*WORK REQUIRED*
Scan the data below for the string "GetContent". Show every line where it turns up.

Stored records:

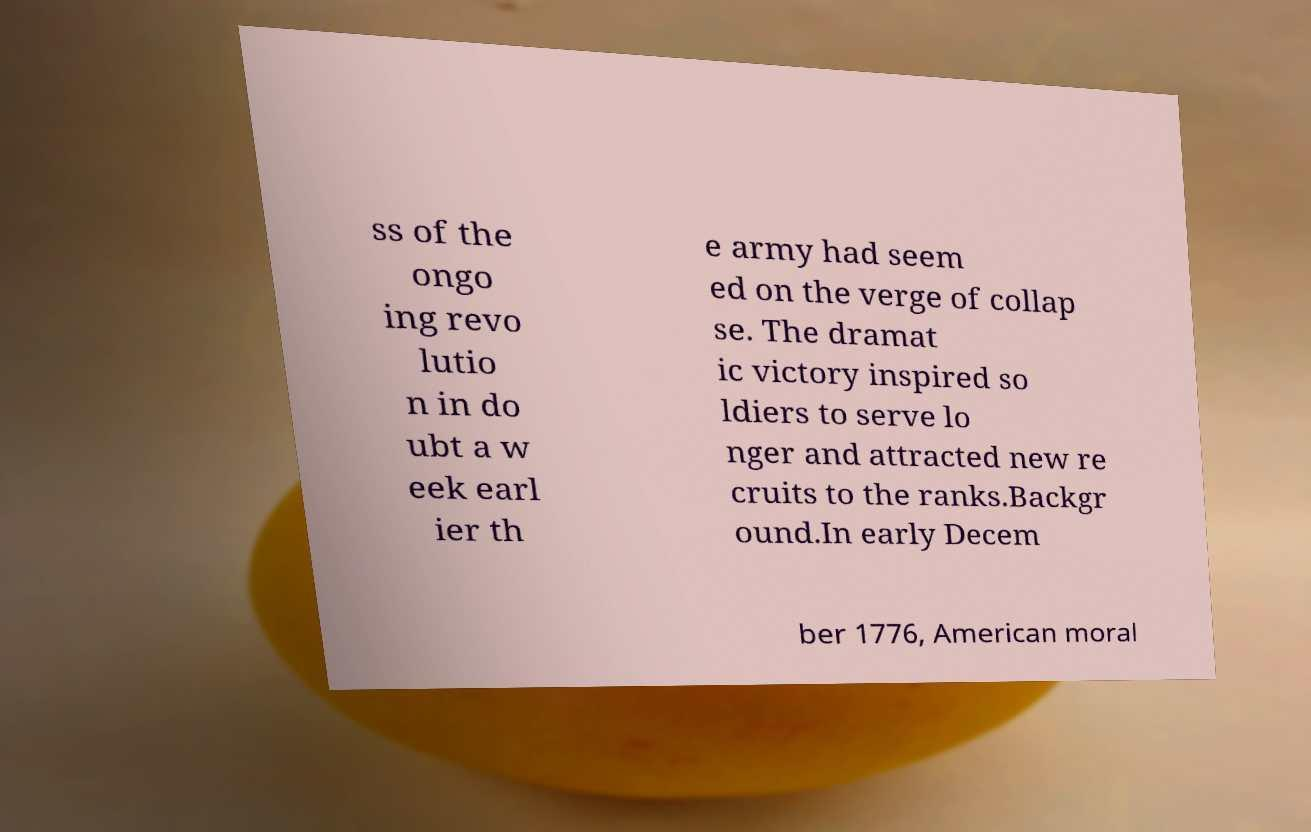Can you read and provide the text displayed in the image?This photo seems to have some interesting text. Can you extract and type it out for me? ss of the ongo ing revo lutio n in do ubt a w eek earl ier th e army had seem ed on the verge of collap se. The dramat ic victory inspired so ldiers to serve lo nger and attracted new re cruits to the ranks.Backgr ound.In early Decem ber 1776, American moral 
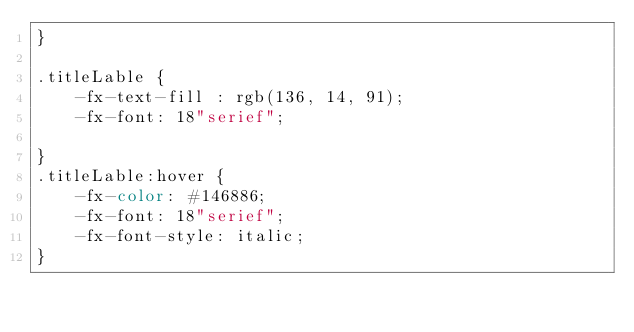Convert code to text. <code><loc_0><loc_0><loc_500><loc_500><_CSS_>}

.titleLable {
    -fx-text-fill : rgb(136, 14, 91);
    -fx-font: 18"serief";
    
}
.titleLable:hover {
    -fx-color: #146886;
    -fx-font: 18"serief";
    -fx-font-style: italic;
}</code> 
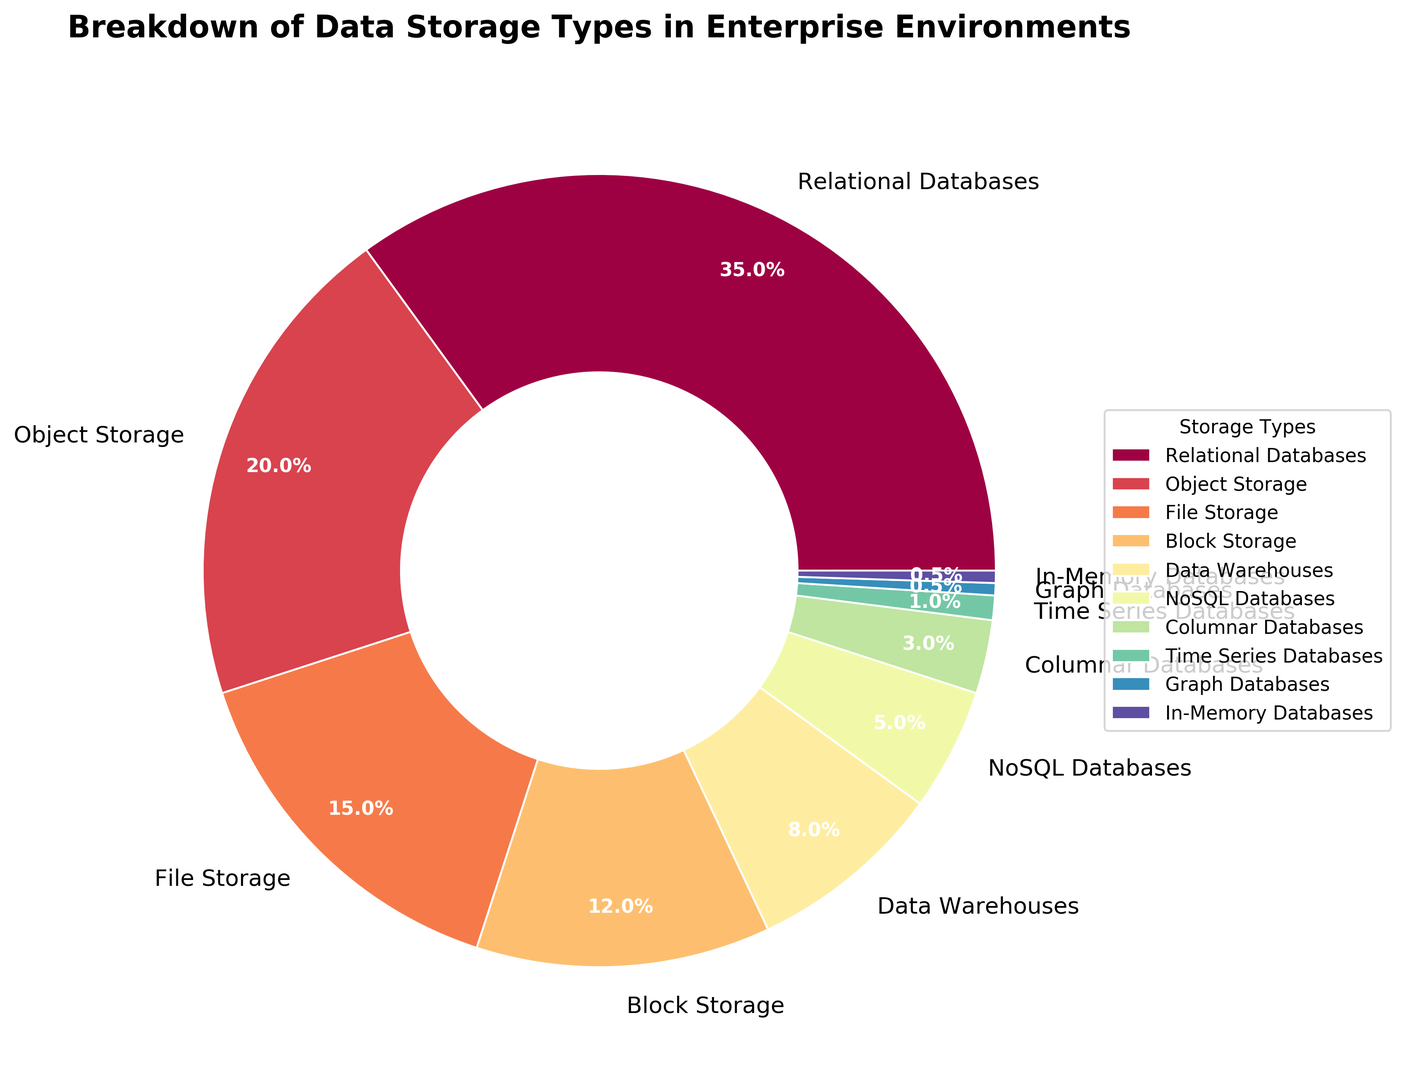What percentage of data storage types make up under 10% each? Add the percentages for Data Warehouses (8%), NoSQL Databases (5%), Columnar Databases (3%), Time Series Databases (1%), Graph Databases (0.5%), and In-Memory Databases (0.5%): 8 + 5 + 3 + 1 + 0.5 + 0.5 = 18%.
Answer: 18% Which storage type is the most widely used in enterprise environments? The storage type with the largest percentage in the pie chart is Relational Databases at 35%.
Answer: Relational Databases How do Relational Databases and Object Storage compare in percentage? Relational Databases make up 35% while Object Storage accounts for 20%. To compare, 35% is greater than 20%.
Answer: 35% > 20% What is the combined percentage of File Storage and Block Storage? Add the percentages of File Storage (15%) and Block Storage (12%): 15 + 12 = 27%.
Answer: 27% Which storage types have the same percentage? Both Graph Databases and In-Memory Databases each make up 0.5%.
Answer: Graph Databases and In-Memory Databases Is the percentage of NoSQL Databases higher than that of Data Warehouses? NoSQL Databases have a percentage of 5% while Data Warehouses have a percentage of 8%. Therefore, NoSQL Databases is less than Data Warehouses.
Answer: No What is the total percentage of storage types that use traditional relational models (Relational Databases and Columnar Databases)? Add the percentages for Relational Databases (35%) and Columnar Databases (3%): 35 + 3 = 38%.
Answer: 38% Which storage type has the smallest representation in the pie chart? The storage types with the smallest representation in the pie chart are Graph Databases and In-Memory Databases, each with 0.5%.
Answer: Graph Databases and In-Memory Databases 
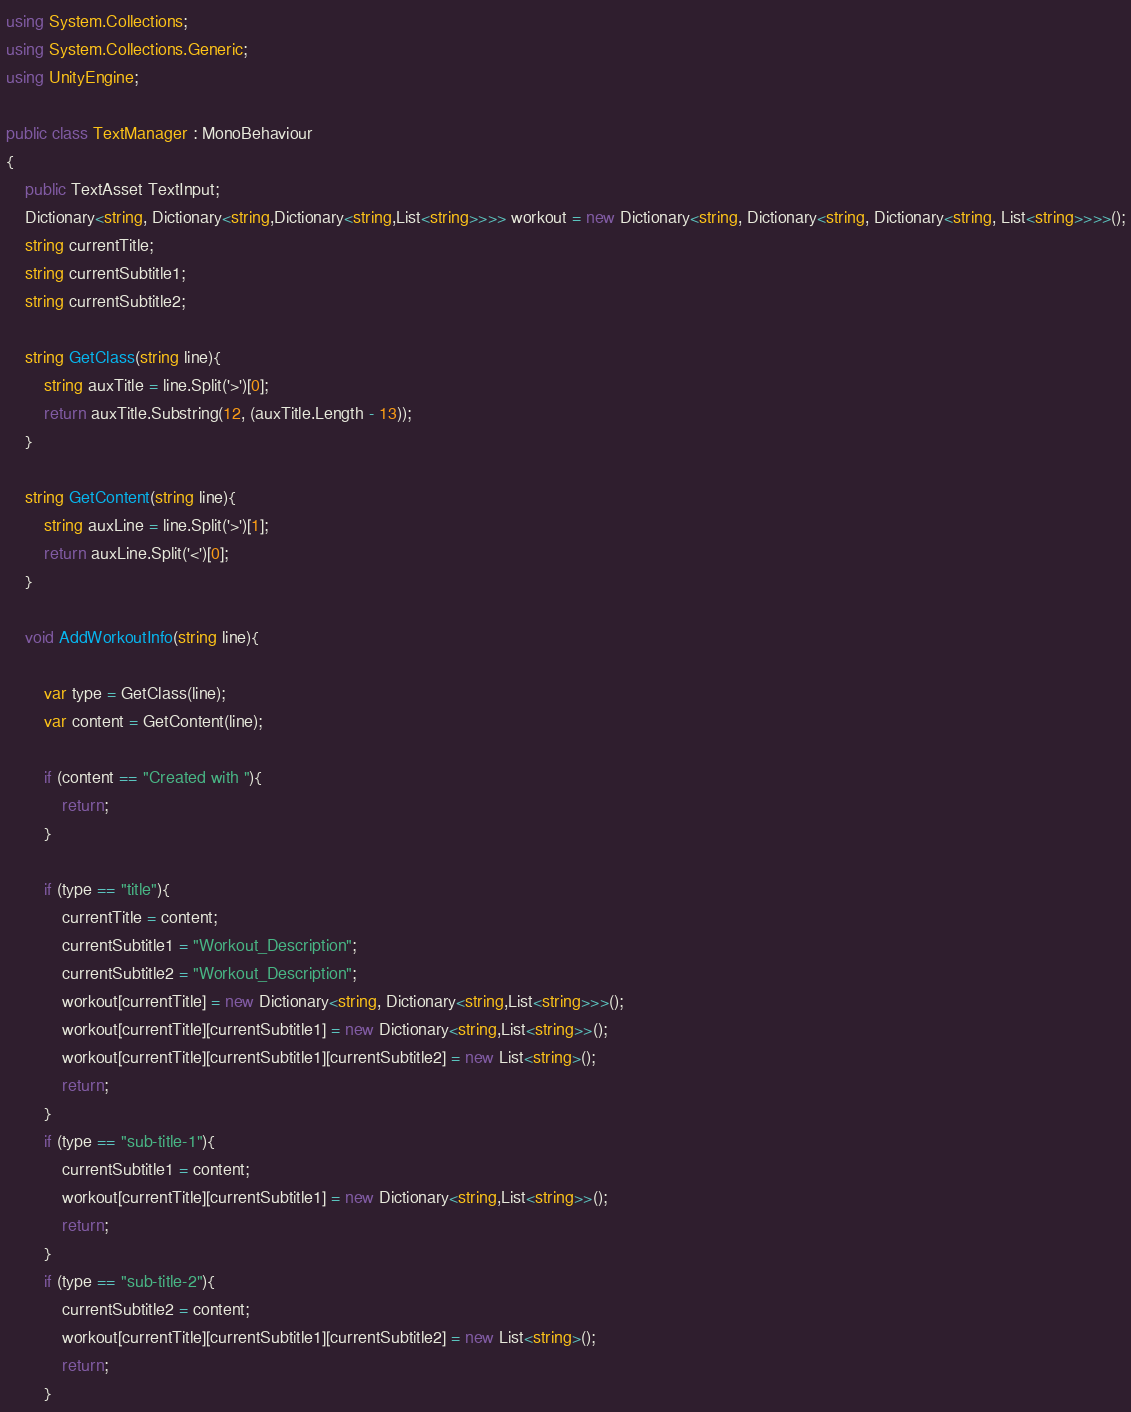<code> <loc_0><loc_0><loc_500><loc_500><_C#_>using System.Collections;
using System.Collections.Generic;
using UnityEngine;

public class TextManager : MonoBehaviour
{
    public TextAsset TextInput;
    Dictionary<string, Dictionary<string,Dictionary<string,List<string>>>> workout = new Dictionary<string, Dictionary<string, Dictionary<string, List<string>>>>();
    string currentTitle;
    string currentSubtitle1;
    string currentSubtitle2;

    string GetClass(string line){
        string auxTitle = line.Split('>')[0];
        return auxTitle.Substring(12, (auxTitle.Length - 13));
    }

    string GetContent(string line){
        string auxLine = line.Split('>')[1];
        return auxLine.Split('<')[0];
    }

    void AddWorkoutInfo(string line){

        var type = GetClass(line);
        var content = GetContent(line);

        if (content == "Created with "){
            return;
        }

        if (type == "title"){
            currentTitle = content;
            currentSubtitle1 = "Workout_Description";
            currentSubtitle2 = "Workout_Description";
            workout[currentTitle] = new Dictionary<string, Dictionary<string,List<string>>>();
            workout[currentTitle][currentSubtitle1] = new Dictionary<string,List<string>>();
            workout[currentTitle][currentSubtitle1][currentSubtitle2] = new List<string>();
            return;
        }
        if (type == "sub-title-1"){
            currentSubtitle1 = content;
            workout[currentTitle][currentSubtitle1] = new Dictionary<string,List<string>>();
            return;
        }
        if (type == "sub-title-2"){
            currentSubtitle2 = content;
            workout[currentTitle][currentSubtitle1][currentSubtitle2] = new List<string>();
            return;
        }</code> 
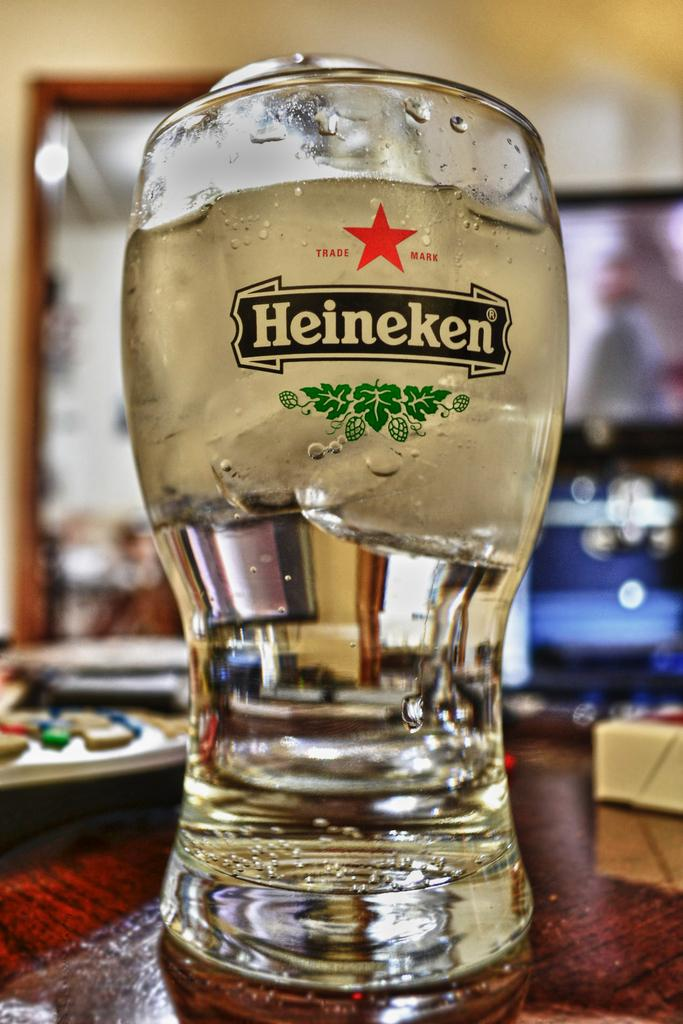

*TASK SOLUTION*
    string GetContent(string line){
        var content = GetContent(line);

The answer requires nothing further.